### Activity
Find the line with "Give a very brief answer. -9.56e+08." in the entries below. Repeat it, every following line, and the line with "Your answer should be very brief. 1.03.", exactly and with nothing added.

### Provided records
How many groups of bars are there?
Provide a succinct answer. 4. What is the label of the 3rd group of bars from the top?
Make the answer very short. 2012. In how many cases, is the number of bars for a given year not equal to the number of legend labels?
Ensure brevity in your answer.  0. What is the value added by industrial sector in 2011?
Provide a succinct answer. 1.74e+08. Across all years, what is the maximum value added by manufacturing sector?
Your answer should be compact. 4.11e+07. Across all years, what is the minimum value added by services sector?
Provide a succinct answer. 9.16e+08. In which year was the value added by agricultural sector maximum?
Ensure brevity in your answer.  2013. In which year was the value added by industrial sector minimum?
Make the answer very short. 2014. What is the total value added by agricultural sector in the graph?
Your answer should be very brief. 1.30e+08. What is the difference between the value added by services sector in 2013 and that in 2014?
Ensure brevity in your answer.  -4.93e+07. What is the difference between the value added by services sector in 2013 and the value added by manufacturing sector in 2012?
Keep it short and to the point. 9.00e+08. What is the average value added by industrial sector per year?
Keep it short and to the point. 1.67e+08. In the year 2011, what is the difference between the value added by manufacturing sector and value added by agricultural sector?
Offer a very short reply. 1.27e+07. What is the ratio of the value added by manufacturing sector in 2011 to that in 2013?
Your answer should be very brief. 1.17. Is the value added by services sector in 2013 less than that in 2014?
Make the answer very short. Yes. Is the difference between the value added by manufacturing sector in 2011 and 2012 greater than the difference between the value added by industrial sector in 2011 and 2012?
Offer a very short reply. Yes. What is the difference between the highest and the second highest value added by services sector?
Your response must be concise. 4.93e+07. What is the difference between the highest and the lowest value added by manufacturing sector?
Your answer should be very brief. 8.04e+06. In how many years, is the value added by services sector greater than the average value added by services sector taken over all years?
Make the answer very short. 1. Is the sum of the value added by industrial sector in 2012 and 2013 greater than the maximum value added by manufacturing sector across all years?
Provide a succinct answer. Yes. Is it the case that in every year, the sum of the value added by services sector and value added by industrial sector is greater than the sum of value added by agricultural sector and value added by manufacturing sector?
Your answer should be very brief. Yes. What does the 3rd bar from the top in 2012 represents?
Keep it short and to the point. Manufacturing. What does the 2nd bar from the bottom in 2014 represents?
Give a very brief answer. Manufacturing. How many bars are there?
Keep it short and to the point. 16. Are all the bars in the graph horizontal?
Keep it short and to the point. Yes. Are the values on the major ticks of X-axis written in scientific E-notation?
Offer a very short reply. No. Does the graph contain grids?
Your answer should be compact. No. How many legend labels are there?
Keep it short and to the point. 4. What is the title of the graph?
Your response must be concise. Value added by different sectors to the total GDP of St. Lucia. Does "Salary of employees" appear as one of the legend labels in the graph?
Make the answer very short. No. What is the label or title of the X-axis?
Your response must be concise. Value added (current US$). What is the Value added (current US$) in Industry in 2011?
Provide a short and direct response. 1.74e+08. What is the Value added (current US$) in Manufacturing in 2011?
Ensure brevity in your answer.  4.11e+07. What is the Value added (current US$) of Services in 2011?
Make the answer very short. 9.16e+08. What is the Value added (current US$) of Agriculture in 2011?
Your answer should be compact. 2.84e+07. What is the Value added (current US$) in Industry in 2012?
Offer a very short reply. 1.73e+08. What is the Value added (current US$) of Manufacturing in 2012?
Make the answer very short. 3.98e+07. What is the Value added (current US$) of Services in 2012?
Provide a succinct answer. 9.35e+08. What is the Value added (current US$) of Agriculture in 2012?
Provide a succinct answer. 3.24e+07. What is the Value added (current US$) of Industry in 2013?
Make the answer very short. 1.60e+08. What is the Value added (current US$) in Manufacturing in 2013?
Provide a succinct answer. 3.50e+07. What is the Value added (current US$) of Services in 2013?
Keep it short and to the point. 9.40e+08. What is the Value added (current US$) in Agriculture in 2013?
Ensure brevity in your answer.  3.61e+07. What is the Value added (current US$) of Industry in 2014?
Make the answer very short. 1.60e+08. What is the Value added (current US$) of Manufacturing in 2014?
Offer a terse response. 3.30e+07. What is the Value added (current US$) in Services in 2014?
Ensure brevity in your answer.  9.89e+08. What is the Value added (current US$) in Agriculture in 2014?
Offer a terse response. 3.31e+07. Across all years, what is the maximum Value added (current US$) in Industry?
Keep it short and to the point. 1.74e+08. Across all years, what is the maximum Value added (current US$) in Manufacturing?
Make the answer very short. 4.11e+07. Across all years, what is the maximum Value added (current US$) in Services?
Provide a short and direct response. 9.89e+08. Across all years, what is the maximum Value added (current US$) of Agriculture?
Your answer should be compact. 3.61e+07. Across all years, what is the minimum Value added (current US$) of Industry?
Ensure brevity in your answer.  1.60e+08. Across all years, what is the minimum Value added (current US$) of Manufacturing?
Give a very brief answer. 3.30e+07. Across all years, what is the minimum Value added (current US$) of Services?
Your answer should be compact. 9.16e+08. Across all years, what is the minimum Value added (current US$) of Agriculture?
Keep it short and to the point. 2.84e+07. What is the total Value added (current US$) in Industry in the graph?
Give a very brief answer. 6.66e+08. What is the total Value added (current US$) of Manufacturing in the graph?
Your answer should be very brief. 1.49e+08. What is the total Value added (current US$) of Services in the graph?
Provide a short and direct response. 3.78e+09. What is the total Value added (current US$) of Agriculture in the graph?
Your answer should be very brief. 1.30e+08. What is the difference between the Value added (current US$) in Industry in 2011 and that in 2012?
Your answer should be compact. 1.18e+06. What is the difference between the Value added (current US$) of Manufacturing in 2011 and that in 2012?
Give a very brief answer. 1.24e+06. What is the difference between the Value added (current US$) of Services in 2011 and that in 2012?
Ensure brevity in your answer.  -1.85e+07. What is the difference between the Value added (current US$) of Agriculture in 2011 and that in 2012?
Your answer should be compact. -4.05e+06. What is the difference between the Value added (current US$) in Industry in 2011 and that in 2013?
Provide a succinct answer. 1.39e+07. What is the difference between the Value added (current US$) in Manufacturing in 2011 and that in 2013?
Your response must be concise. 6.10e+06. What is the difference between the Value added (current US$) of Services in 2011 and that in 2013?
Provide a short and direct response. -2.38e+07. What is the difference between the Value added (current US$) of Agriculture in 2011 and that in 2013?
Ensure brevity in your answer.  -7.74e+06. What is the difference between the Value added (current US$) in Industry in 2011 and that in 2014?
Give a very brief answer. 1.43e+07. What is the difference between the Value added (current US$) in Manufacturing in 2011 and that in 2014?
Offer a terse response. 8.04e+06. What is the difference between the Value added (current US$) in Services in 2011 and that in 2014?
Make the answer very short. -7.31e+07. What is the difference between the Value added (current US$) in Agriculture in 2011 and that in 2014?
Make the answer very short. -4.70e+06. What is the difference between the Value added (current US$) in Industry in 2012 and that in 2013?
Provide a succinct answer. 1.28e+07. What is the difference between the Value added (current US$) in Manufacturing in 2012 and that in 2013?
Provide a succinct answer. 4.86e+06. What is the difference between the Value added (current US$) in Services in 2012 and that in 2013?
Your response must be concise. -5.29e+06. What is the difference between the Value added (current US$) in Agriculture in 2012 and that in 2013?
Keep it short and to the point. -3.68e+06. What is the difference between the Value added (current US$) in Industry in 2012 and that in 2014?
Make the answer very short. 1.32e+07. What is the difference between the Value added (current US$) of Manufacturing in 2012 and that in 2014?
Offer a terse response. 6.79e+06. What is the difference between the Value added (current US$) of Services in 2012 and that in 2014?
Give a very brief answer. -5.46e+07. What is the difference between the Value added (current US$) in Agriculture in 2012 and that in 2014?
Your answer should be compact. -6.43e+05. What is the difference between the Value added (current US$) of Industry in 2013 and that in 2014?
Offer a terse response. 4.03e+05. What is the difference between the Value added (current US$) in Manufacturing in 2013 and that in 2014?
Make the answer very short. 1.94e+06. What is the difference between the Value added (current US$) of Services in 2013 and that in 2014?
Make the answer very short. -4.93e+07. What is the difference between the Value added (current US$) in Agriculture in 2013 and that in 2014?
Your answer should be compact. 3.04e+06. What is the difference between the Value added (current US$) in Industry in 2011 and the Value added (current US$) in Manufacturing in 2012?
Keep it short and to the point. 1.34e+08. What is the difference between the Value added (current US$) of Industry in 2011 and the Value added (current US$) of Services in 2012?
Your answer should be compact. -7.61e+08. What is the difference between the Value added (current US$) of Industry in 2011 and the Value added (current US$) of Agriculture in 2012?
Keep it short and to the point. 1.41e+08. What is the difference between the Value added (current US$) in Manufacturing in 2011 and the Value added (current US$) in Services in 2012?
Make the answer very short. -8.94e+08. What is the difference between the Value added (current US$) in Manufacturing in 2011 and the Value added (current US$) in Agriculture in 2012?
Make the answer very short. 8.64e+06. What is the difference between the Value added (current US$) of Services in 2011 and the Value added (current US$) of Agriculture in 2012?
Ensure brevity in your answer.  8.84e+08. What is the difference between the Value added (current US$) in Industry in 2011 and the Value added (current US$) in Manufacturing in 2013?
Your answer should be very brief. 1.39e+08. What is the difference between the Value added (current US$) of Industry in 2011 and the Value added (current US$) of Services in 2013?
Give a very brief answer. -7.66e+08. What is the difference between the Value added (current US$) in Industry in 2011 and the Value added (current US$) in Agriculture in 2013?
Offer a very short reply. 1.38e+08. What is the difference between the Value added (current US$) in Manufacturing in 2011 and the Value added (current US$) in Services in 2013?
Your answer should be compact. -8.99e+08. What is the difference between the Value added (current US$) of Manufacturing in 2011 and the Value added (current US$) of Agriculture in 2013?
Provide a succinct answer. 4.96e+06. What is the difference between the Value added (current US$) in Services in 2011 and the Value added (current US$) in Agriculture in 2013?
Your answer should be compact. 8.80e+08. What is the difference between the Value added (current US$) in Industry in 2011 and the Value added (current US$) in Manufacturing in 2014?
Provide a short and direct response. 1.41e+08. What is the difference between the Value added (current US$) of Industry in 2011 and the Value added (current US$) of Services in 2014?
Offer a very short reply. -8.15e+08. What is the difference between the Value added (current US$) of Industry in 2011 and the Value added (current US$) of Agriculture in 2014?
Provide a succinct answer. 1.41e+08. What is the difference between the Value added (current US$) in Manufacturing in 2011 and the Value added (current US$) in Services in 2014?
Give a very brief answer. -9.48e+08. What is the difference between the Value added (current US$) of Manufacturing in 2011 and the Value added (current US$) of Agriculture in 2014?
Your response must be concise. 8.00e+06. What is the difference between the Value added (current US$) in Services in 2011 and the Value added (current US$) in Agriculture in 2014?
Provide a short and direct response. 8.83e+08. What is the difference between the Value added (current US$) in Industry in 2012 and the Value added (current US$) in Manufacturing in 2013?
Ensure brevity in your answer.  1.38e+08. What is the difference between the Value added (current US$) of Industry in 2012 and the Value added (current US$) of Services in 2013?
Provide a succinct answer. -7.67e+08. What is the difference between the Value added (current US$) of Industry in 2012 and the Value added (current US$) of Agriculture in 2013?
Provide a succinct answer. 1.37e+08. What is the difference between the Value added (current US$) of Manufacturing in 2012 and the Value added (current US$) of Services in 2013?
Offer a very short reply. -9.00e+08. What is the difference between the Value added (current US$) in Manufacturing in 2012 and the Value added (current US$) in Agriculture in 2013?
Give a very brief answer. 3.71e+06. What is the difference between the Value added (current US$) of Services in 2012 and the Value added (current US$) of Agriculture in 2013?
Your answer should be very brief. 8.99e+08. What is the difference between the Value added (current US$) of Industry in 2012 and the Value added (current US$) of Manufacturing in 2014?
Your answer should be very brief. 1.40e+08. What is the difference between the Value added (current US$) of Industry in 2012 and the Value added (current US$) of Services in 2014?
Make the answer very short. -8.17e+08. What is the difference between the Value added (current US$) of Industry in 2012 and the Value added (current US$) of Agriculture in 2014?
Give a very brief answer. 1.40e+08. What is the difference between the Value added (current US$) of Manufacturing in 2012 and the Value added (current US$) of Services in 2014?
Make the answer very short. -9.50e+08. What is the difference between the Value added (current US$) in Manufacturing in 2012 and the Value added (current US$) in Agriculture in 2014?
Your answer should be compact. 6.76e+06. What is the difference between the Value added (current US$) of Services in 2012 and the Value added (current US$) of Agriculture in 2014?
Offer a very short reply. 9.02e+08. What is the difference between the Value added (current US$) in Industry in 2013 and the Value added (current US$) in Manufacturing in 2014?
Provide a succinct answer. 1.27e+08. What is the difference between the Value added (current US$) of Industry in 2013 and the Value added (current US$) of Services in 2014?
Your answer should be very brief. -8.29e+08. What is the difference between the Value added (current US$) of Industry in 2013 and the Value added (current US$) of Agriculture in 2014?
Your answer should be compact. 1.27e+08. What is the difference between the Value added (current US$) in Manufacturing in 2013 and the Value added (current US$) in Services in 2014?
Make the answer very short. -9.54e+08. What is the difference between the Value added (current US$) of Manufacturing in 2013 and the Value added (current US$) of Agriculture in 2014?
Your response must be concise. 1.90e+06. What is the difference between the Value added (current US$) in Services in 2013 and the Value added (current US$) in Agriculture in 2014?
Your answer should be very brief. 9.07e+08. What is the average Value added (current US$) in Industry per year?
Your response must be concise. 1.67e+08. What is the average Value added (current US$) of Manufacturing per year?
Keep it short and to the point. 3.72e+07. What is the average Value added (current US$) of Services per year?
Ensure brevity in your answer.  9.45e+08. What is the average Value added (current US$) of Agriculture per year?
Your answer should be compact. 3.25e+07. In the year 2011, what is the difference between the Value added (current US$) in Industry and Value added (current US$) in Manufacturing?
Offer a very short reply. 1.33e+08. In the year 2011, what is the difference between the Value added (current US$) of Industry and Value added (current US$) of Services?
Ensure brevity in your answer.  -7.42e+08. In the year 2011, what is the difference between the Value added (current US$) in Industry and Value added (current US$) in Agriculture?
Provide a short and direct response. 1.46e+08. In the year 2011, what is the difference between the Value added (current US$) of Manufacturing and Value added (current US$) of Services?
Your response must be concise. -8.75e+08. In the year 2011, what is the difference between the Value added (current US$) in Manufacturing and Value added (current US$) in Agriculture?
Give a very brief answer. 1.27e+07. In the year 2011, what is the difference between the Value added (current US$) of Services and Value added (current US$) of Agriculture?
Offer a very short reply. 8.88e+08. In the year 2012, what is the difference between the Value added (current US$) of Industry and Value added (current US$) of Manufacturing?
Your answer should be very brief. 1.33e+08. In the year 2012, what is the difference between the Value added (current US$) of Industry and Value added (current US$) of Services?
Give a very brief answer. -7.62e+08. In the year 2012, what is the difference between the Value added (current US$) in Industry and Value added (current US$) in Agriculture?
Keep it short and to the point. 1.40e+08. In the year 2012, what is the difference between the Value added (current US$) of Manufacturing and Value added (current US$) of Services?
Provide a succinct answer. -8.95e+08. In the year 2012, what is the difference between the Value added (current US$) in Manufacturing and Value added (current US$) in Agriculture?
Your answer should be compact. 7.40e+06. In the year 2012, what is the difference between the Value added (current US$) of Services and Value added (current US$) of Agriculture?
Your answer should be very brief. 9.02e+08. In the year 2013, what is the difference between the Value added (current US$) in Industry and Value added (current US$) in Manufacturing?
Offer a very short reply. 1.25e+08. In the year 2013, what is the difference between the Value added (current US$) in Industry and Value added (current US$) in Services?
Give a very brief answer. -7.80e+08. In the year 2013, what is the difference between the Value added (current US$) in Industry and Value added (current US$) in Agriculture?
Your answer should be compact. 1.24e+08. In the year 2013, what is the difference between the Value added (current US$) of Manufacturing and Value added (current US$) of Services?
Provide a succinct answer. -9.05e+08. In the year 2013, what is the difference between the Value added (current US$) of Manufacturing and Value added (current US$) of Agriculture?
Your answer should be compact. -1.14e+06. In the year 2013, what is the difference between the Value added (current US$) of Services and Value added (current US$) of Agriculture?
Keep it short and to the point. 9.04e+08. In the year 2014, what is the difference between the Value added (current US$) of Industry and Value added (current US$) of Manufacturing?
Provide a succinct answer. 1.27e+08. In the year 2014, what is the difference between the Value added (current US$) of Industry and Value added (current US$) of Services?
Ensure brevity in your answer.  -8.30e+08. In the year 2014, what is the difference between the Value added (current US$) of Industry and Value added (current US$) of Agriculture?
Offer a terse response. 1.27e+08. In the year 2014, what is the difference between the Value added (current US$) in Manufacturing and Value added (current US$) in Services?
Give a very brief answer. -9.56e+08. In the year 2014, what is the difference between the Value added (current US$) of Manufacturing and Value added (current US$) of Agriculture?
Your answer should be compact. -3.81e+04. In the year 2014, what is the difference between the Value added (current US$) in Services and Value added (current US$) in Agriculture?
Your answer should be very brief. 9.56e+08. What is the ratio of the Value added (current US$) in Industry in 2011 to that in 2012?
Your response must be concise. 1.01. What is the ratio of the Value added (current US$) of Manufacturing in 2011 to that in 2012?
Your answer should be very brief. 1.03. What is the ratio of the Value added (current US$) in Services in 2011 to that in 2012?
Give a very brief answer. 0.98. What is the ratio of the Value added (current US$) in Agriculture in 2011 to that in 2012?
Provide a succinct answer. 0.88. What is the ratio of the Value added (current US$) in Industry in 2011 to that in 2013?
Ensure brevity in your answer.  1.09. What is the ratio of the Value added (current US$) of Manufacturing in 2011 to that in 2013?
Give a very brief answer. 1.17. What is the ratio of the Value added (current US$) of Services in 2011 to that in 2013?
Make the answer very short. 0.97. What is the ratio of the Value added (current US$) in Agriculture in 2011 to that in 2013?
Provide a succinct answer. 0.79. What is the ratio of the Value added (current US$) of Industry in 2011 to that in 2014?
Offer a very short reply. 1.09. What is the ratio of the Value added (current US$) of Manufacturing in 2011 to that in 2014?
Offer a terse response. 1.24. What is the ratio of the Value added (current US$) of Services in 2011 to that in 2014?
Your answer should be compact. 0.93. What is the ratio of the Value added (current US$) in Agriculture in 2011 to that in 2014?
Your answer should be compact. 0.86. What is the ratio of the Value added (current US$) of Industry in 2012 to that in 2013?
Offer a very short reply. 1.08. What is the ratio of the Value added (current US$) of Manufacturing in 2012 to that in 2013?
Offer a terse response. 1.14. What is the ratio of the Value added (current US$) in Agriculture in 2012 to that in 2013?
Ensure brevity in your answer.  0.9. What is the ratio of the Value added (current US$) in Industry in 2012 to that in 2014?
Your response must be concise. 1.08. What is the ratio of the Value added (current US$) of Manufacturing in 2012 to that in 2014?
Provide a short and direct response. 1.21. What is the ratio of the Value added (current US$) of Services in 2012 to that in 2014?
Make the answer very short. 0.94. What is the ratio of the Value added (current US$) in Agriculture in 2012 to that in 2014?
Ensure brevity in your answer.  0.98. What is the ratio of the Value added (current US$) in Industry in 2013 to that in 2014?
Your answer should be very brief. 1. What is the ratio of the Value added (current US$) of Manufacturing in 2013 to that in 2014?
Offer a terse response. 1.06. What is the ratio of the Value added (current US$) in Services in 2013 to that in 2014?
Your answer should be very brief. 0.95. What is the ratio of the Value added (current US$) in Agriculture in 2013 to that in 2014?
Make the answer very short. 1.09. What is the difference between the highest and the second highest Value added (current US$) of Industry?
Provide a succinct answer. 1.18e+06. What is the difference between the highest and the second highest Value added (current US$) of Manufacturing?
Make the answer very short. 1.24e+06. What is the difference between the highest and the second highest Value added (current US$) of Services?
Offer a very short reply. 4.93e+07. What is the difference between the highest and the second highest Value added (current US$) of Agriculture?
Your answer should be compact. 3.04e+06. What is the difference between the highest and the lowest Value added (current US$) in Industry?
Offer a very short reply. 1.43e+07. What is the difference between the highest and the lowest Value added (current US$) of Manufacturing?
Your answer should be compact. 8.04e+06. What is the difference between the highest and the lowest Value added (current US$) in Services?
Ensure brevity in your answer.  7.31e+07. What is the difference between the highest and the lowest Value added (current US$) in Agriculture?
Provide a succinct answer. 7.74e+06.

### Expected answer
Give a very brief answer. -9.56e+08. In the year 2014, what is the difference between the Value added (current US$) of Manufacturing and Value added (current US$) of Agriculture?
Your answer should be compact. -3.81e+04. In the year 2014, what is the difference between the Value added (current US$) in Services and Value added (current US$) in Agriculture?
Your answer should be very brief. 9.56e+08. What is the ratio of the Value added (current US$) in Industry in 2011 to that in 2012?
Your response must be concise. 1.01. What is the ratio of the Value added (current US$) of Manufacturing in 2011 to that in 2012?
Your answer should be very brief. 1.03. What is the ratio of the Value added (current US$) in Services in 2011 to that in 2012?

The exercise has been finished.